It calmed me down. It made me think: Maybe he's not trying to go for the throat.

 

Stupid me. I know I am wrong. But I find the calm to be very useful. Can't I still capitalize on that?

 

I'm nervous about talking to my attorney soon. What if he says we have nothing but the lukewarm strategy he's briefly suggested before? An attorney friend may help me put together a litigation plan for my lawyer, but only if we both have time, which is doubtful.

 

In the meantime, I've a work project due tomorrow, one due Wednesday, cases in court twice this month, my son was sick the last few days and he is now staying up late (but CUTE), and my part-time nanny is sick. And on top of it, I'm supposed to prepare for this custody case in one month? This one crazy month??

 

But I've been careful to spend a lot of quality time with my son even while stressed out. I was a nanny before, and I love playing with toddlers. Last night I told him a long story I made up-- one of my specialties. He has to get the words from the context of other words. He was so excited because for the first time, he really "got" the story. I heard him on the baby monitor, re-telling it to his stuffed tiger. Lots of little things like that happening.

 

I don't agree with this law wherein the judge isn't allowed to impose joint custody. In essence, in all contested cases, the judge will be depriving one party of something they have- their legal custodial rights. Where both parents are fit, then one gets their custodial right taken away even though they're a good parent and have done nothing wrong at all-- just because, well, someone has to lose custody. And where one parent is unfit, or borderline unfit, the court dern well better see it, or else it's ruining a kid's life with one wrong decision.

 

I don't like thinking of all the scores of parents who loved and nurtured their kids, and then, without having done anything to deserve or expect it, lost custody. What an unjust law, not allowing a judge to impose joint custody. That law is meant to save court resources, so that parents who can't even agree to joint custody don't end up in court fighting over custodial decisions. Bullsh**t. My H, for example, wants sole custody for reasons that are entirely different from custodial decisions.
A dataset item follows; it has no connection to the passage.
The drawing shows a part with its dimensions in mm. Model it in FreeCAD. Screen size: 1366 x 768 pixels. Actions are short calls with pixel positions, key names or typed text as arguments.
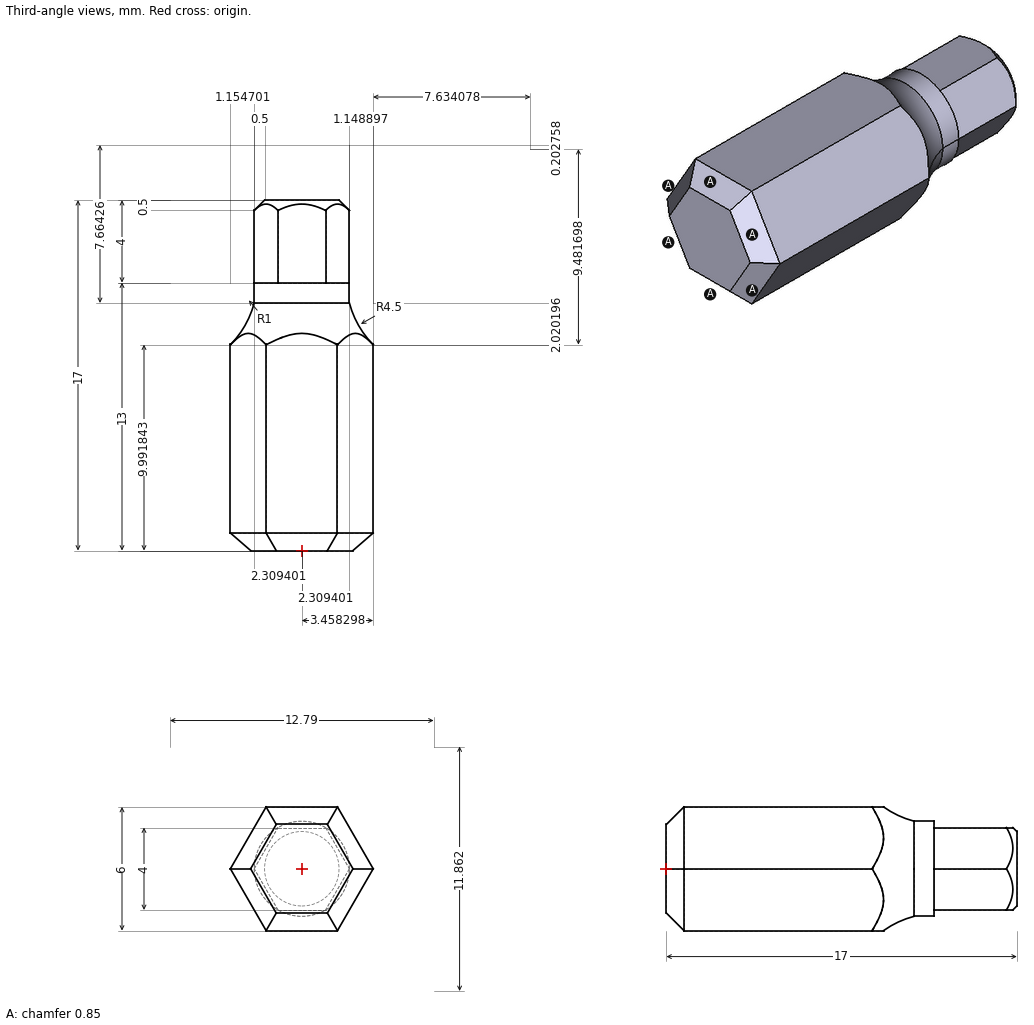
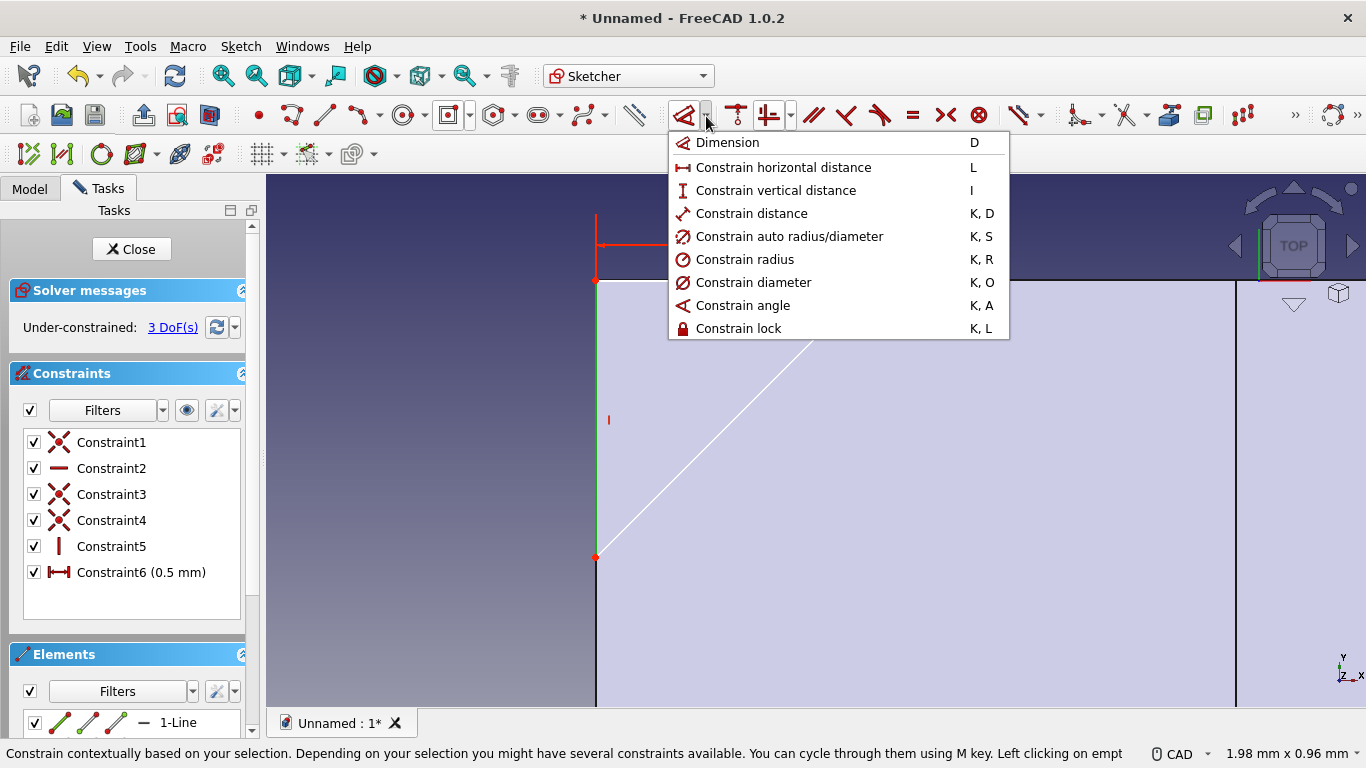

He wants sole custody even if he would agree on every single custodial decision. And besides that, I'd gladly pay for the extra judicial resources if it means parents aren't needlessly deprived of custody.

 

I just thought of something. If he gets sole custody, he will not allow our child to go to private school, because he can't afford it and won't want to have to pay half. And the public schools around here are not great. But H will not want to pony up. I'd happily pay all the expenses of private school. In fact I've already budgeted for it-- I'm paying my loans on a schedule with that in mind. But if I pay for his schooling entirely, just as I pay for all my son's other stuff, H would probably fear that I'd go to court and ask for it to re-visit custody and to grant me custody instead since I'm the one operating as the custodial parent. So H will unilaterally decide on public schooling and no expensive medical treatment. If he has sole custody, I can't do anything about that. My son's education and maybe health will take a backseat to my husband's desire for power. And none of that would be the case if a judge could legally just impose joint custody and my H and I both knew it.

 

While I can't change the law, how can I manufacture the same situation? Where joint custody might have to happen even if H would not want it? Hmmmm.

 

I'm thinking, and I got nothing.

 

It's almost enough to make me want to reconcile with H, so I can't possibly lose legal custody. See how desperate I am for an answer?

 

I am about one page away from done with tomorrow's brief. I'll finish it and then I'll feel better.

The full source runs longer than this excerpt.